Preventing Liability for Offsite Functions
By John R. Hunt Attorney, Stokes Wagner Hunt Martez & Terrell, ALC | September 08, 2019
As anyone involved in the hospitality industry is probably all too aware, the number of lawsuits asserting personal injury claims has increased substantially in the past few decades. At present, this number fluctuates between 50,000 and 60,000 annual filings in state and federal courts.
Claims for workers compensation, which proceed through state administrative agencies, are in addition to this total. Sadly, the number of workplace fatalities is between 4,000 and 5,000 per year.
While many of these personal injury claims may involve product liability and other disputes that usually do not impact the hospitality industry directly, most of these cases do raise claims for negligence. That is, an injured person alleges that a defendant owed them a duty, that duty was breached, and he or she suffered an injury as a result. When meetings and activities are confined to a hotel or resort, well-established legal principles govern claims from guests who trip and fall or personal property that goes missing, and in rare situations, altercations or harassment between guests or even staff. These principles are used to assign or apportion liability among the parties involved.

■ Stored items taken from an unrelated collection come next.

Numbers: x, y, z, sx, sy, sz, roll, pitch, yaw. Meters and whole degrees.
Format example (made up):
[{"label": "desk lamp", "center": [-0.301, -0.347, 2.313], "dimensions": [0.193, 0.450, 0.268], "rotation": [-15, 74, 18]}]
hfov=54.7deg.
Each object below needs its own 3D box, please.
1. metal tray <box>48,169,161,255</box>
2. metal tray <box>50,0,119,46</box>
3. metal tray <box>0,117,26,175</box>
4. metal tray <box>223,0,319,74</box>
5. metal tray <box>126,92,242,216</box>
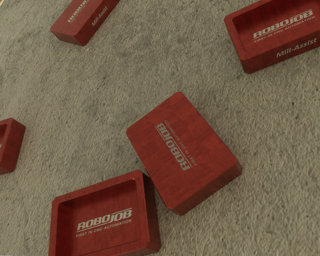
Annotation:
[{"label": "metal tray", "center": [-0.068, 0.112, 0.367], "dimensions": [0.130, 0.030, 0.090], "rotation": [-20, 54, 16]}, {"label": "metal tray", "center": [-0.149, -0.228, 0.619], "dimensions": [0.090, 0.030, 0.130], "rotation": [23, 74, 36]}, {"label": "metal tray", "center": [-0.300, 0.040, 0.533], "dimensions": [0.130, 0.030, 0.090], "rotation": [-14, 56, 20]}, {"label": "metal tray", "center": [0.158, -0.133, 0.399], "dimensions": [0.130, 0.030, 0.090], "rotation": [-21, 54, 15]}, {"label": "metal tray", "center": [0.023, 0.026, 0.373], "dimensions": [0.090, 0.030, 0.130], "rotation": [-36, 51, 3]}]
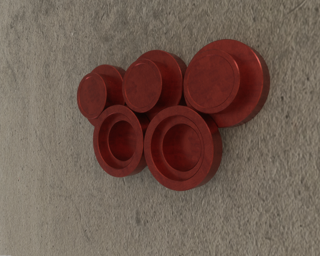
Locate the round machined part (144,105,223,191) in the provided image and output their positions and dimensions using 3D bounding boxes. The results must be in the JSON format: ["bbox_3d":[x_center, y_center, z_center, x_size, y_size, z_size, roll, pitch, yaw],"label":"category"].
[{"bbox_3d":[0.031,0.023,0.368,0.098,0.042,0.097,0,90,39],"label":"round machined part"}]

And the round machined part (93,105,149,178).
[{"bbox_3d":[-0.045,0.017,0.430,0.098,0.042,0.097,0,90,39],"label":"round machined part"}]

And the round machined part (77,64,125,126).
[{"bbox_3d":[-0.087,-0.047,0.465,0.098,0.042,0.097,0,90,39],"label":"round machined part"}]

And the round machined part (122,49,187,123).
[{"bbox_3d":[-0.011,-0.053,0.403,0.098,0.042,0.097,0,90,39],"label":"round machined part"}]

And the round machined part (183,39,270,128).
[{"bbox_3d":[0.065,-0.049,0.341,0.098,0.042,0.097,0,90,39],"label":"round machined part"}]
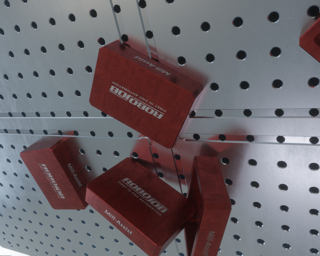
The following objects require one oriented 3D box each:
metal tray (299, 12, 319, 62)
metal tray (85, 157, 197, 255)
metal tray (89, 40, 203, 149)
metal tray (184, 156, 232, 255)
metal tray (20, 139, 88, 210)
[{"bbox_3d":[0.199,-0.068,0.260,0.130,0.030,0.090,40,129,0],"label":"metal tray"},{"bbox_3d":[-0.027,0.104,0.431,0.130,0.091,0.030,33,130,22],"label":"metal tray"},{"bbox_3d":[-0.022,-0.041,0.395,0.130,0.030,0.089,29,128,9],"label":"metal tray"},{"bbox_3d":[0.056,0.113,0.407,0.030,0.090,0.129,3,124,-5],"label":"metal tray"},{"bbox_3d":[-0.185,0.088,0.561,0.090,0.030,0.130,-10,114,32],"label":"metal tray"}]
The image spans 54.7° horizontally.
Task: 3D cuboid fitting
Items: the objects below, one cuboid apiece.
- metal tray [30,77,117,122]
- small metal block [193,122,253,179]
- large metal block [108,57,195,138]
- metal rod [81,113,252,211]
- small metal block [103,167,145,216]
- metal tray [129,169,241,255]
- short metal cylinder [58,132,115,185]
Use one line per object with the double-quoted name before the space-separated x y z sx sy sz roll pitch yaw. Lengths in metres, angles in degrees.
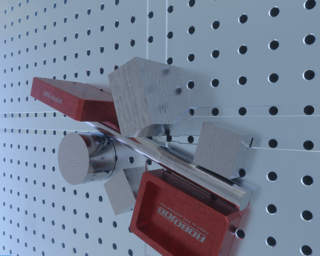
"metal tray" -0.120 -0.043 0.465 0.130 0.091 0.030 24 105 37
"small metal block" 0.070 0.024 0.351 0.050 0.025 0.050 22 104 38
"large metal block" -0.010 -0.034 0.383 0.050 0.081 0.080 -23 75 38
"metal rod" -0.017 0.027 0.423 0.300 0.025 0.025 25 106 37
"small metal block" -0.050 0.092 0.452 0.050 0.025 0.050 -39 66 33
"metal tray" 0.025 0.117 0.385 0.130 0.030 0.089 23 105 37
"short metal cylinder" -0.116 0.046 0.488 0.080 0.050 0.080 0 90 40
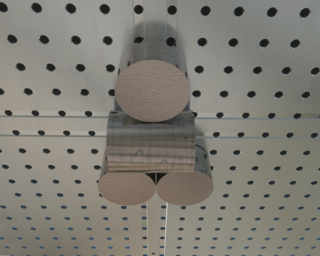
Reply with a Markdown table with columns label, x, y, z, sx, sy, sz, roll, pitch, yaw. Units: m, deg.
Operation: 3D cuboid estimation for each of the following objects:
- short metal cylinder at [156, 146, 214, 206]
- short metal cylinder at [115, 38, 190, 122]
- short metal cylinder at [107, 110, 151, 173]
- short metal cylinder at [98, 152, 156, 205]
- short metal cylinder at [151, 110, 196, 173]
| label | x | y | z | sx | sy | sz | roll | pitch | yaw |
| --- | --- | --- | --- | --- | --- | --- | --- | --- | --- |
| short metal cylinder | 0.035 | 0.069 | 0.453 | 0.081 | 0.050 | 0.079 | 0 | 130 | 0 |
| short metal cylinder | -0.008 | -0.053 | 0.350 | 0.081 | 0.050 | 0.079 | 0 | 130 | 0 |
| short metal cylinder | -0.036 | 0.017 | 0.390 | 0.050 | 0.080 | 0.079 | 0 | 130 | -1 |
| short metal cylinder | -0.046 | 0.068 | 0.452 | 0.081 | 0.050 | 0.079 | 0 | 130 | 0 |
| short metal cylinder | 0.015 | 0.017 | 0.391 | 0.050 | 0.080 | 0.079 | 0 | 130 | -1 |
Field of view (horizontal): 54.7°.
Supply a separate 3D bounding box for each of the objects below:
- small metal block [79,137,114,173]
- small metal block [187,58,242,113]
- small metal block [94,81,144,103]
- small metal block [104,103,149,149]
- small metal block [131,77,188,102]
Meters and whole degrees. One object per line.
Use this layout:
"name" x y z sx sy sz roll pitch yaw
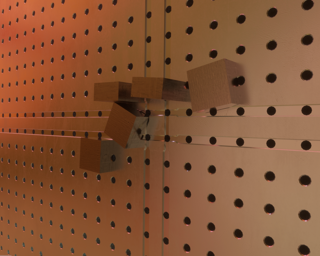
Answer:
"small metal block" -0.101 0.042 0.490 0.050 0.025 0.050 5 94 39
"small metal block" 0.062 -0.047 0.357 0.050 0.025 0.050 -12 82 39
"small metal block" -0.057 -0.049 0.438 0.050 0.050 0.025 3 92 39
"small metal block" -0.050 -0.004 0.448 0.050 0.025 0.050 33 110 35
"small metal block" 0.000 -0.049 0.392 0.050 0.050 0.025 9 96 39
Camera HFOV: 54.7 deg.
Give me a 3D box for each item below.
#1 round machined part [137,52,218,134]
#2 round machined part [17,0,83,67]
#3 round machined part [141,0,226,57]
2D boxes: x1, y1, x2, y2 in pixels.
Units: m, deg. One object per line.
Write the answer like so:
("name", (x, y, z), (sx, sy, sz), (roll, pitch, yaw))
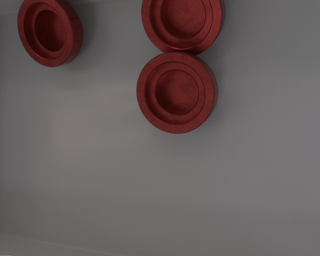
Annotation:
("round machined part", (0.024, -0.045, 0.385), (0.098, 0.042, 0.097), (6, 106, 21))
("round machined part", (-0.150, -0.140, 0.443), (0.098, 0.042, 0.097), (10, 115, 22))
("round machined part", (0.031, -0.139, 0.377), (0.098, 0.042, 0.097), (10, 122, 17))
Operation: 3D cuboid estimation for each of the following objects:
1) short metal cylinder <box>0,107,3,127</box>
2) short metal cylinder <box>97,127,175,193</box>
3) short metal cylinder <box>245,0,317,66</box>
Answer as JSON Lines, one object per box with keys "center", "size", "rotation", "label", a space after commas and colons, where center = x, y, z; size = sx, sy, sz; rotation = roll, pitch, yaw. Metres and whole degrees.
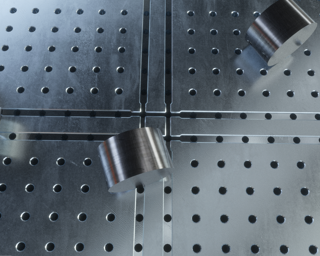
{"center": [-0.243, -0.004, 0.381], "size": [0.081, 0.080, 0.050], "rotation": [0, 70, 0], "label": "short metal cylinder"}
{"center": [-0.029, 0.039, 0.368], "size": [0.081, 0.080, 0.050], "rotation": [-17, 71, -7], "label": "short metal cylinder"}
{"center": [0.168, -0.133, 0.433], "size": [0.080, 0.080, 0.050], "rotation": [-32, 74, -11], "label": "short metal cylinder"}
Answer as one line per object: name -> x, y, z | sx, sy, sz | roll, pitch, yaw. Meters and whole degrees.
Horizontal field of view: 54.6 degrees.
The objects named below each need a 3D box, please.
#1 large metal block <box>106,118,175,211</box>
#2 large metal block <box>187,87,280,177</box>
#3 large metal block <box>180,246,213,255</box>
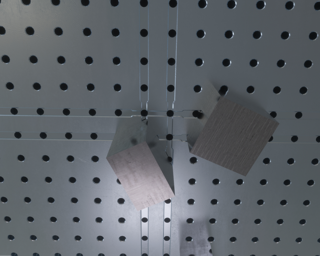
large metal block -> -0.022, 0.044, 0.400 | 0.050, 0.080, 0.080 | -24, 108, 8
large metal block -> 0.090, 0.004, 0.402 | 0.080, 0.050, 0.080 | 24, 108, -9
large metal block -> 0.063, 0.243, 0.474 | 0.050, 0.080, 0.080 | -9, 110, 3
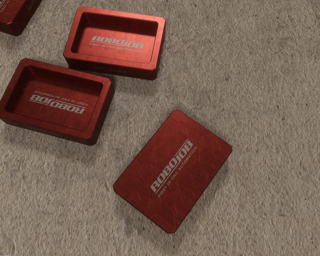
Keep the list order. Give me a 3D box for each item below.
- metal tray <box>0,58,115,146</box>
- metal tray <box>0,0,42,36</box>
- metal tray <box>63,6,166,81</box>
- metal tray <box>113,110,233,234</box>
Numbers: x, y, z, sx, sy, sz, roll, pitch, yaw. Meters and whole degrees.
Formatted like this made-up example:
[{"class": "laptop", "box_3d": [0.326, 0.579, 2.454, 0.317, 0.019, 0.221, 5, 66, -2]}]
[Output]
[{"class": "metal tray", "box_3d": [-0.137, -0.036, 0.416, 0.131, 0.030, 0.090, 14, 70, 5]}, {"class": "metal tray", "box_3d": [-0.234, -0.213, 0.480, 0.090, 0.030, 0.130, 19, 71, 6]}, {"class": "metal tray", "box_3d": [-0.063, -0.123, 0.449, 0.131, 0.030, 0.090, 9, 70, 3]}, {"class": "metal tray", "box_3d": [0.017, 0.052, 0.387, 0.090, 0.030, 0.130, 36, 73, 11]}]
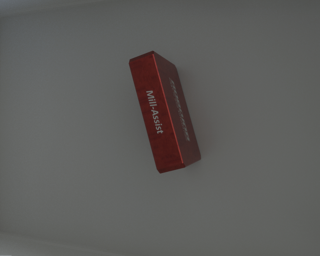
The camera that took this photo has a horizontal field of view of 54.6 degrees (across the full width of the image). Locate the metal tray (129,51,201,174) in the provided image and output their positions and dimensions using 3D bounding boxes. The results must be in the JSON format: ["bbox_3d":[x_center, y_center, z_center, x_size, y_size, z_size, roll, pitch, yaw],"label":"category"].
[{"bbox_3d":[0.009,-0.017,0.370,0.030,0.090,0.129,-17,85,18],"label":"metal tray"}]
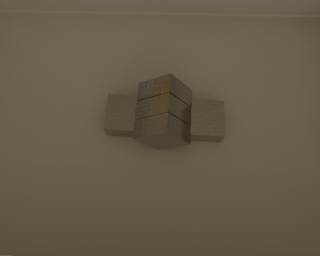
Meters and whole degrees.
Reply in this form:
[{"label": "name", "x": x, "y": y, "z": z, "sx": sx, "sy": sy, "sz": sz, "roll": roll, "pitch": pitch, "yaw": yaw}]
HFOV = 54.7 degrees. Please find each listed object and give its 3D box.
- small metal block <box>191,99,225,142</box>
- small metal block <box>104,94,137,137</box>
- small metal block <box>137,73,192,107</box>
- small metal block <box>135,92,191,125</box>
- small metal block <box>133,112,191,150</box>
[{"label": "small metal block", "x": 0.058, "y": -0.010, "z": 0.413, "sx": 0.050, "sy": 0.025, "sz": 0.050, "roll": 3, "pitch": 70, "yaw": 0}, {"label": "small metal block", "x": -0.045, "y": -0.016, "z": 0.413, "sx": 0.050, "sy": 0.025, "sz": 0.050, "roll": 4, "pitch": 70, "yaw": 1}, {"label": "small metal block", "x": 0.007, "y": -0.042, "z": 0.399, "sx": 0.050, "sy": 0.050, "sz": 0.025, "roll": -11, "pitch": 65, "yaw": 35}, {"label": "small metal block", "x": 0.005, "y": -0.018, "z": 0.391, "sx": 0.050, "sy": 0.050, "sz": 0.025, "roll": -12, "pitch": 65, "yaw": 34}, {"label": "small metal block", "x": 0.003, "y": 0.005, "z": 0.382, "sx": 0.050, "sy": 0.050, "sz": 0.025, "roll": -12, "pitch": 65, "yaw": 34}]
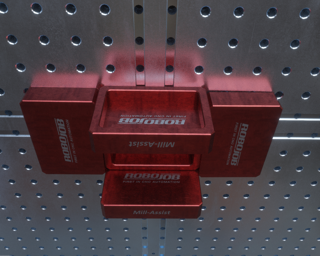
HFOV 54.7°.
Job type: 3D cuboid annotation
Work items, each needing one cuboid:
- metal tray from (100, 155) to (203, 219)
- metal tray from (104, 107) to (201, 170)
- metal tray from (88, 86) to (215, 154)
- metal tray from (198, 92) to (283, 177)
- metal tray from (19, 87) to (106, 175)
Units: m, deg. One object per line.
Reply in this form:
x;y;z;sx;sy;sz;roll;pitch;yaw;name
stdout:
-0.011;0.080;0.435;0.131;0.090;0.030;1;130;-1;metal tray
-0.010;0.016;0.419;0.131;0.030;0.089;0;130;-1;metal tray
-0.009;-0.012;0.359;0.131;0.090;0.030;1;130;-1;metal tray
0.101;0.013;0.419;0.091;0.030;0.129;0;130;-2;metal tray
-0.121;0.008;0.413;0.091;0.030;0.129;1;130;-1;metal tray
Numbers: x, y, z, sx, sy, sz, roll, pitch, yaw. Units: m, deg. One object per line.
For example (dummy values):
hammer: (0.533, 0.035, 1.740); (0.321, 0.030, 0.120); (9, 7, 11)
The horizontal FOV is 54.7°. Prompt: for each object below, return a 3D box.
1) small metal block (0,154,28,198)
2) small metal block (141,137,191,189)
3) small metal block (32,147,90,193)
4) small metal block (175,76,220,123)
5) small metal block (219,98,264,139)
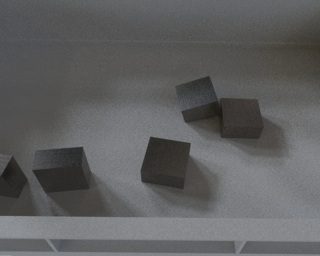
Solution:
small metal block: (-0.184, 0.052, 0.343); (0.050, 0.050, 0.025); (7, 51, 5)
small metal block: (0.008, 0.041, 0.371); (0.050, 0.025, 0.050); (9, 51, 7)
small metal block: (-0.108, 0.048, 0.347); (0.050, 0.050, 0.025); (-4, 50, -4)
small metal block: (0.052, -0.040, 0.431); (0.050, 0.025, 0.050); (-16, 50, 7)
small metal block: (0.107, -0.013, 0.418); (0.050, 0.025, 0.050); (2, 50, 1)
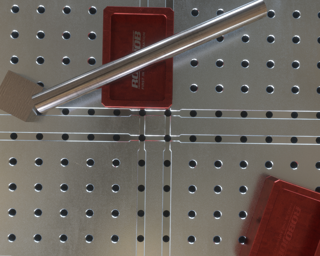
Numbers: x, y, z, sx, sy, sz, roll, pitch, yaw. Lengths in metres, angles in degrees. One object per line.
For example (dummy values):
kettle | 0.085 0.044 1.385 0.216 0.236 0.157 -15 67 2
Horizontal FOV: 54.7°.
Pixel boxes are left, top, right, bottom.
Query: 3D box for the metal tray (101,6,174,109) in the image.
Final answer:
metal tray | -0.028 -0.091 0.410 0.091 0.030 0.129 1 90 -1

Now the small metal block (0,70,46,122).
small metal block | -0.184 -0.041 0.411 0.050 0.025 0.050 27 90 -1

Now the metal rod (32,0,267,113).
metal rod | -0.012 -0.089 0.382 0.301 0.025 0.025 -23 90 -1

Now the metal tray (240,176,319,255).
metal tray | 0.170 0.140 0.413 0.090 0.030 0.129 19 90 -1
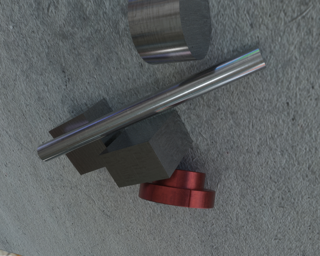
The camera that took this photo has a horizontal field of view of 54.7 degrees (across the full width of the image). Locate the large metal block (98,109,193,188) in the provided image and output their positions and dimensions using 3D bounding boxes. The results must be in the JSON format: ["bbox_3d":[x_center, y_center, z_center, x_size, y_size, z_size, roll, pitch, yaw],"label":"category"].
[{"bbox_3d":[-0.016,0.026,0.394,0.080,0.080,0.050,-17,109,34],"label":"large metal block"}]

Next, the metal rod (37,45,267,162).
[{"bbox_3d":[-0.027,-0.019,0.365,0.300,0.025,0.025,-22,107,22],"label":"metal rod"}]

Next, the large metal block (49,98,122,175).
[{"bbox_3d":[-0.098,0.014,0.449,0.080,0.050,0.080,-22,107,36],"label":"large metal block"}]

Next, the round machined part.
[{"bbox_3d":[0.024,0.075,0.406,0.098,0.098,0.042,4,82,26],"label":"round machined part"}]

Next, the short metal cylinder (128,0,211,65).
[{"bbox_3d":[0.012,-0.104,0.300,0.050,0.080,0.080,0,119,28],"label":"short metal cylinder"}]
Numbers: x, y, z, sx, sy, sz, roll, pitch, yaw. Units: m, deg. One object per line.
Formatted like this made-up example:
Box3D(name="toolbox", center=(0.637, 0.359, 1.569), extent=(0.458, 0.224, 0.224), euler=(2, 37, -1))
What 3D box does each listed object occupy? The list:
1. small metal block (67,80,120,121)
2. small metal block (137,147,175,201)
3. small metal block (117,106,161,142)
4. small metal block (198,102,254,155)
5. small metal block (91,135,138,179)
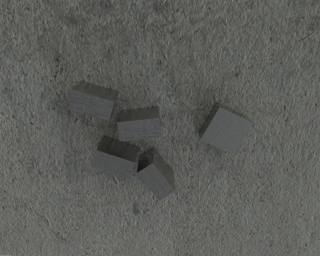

A hotel's general liability insurance policy typically covers such claims and while any litigation that may result may be inconvenient, it generally is dealt with in the regular course of the hotel's and its insurance company's business. The responsibilities of the hotel and the company that booked the event also are customarily outlined in the contract between the two parties.
Where events take place away from the property, however, the number of variables that are added to the potential liability mix can increase greatly. They also can arise the minute the guest steps off the hotel or resort's grounds. For example, if the event is offsite, who is responsible for transporting the guest to the venue? Are the guests taking Uber, Lyft, or their own vehicles, or will the event planner or the hotel arrange for group transportation? If an accident occurs en route, would an injured guest look solely to whomever caused the accident for damages or would he or she also seek to include the transportation company, the meeting planner, and if the hotel helped book the transportation, the hotel, as potential parties in a lawsuit.
Once the guest arrives at the venue, will the company that operates the venue or provides the activity be solely responsible for any injuries that might happen? Or, would a guest also seek to make a claim against the event planner and/or whomever else assisted in arranging the activities? Naturally, this assessment also will depend upon the nature of the particular activity and the location of the facility. Listening to chamber music at symphony hall probably poses less risk of injury than zip lining through the local tree canopy or mountain biking on a nearby trail.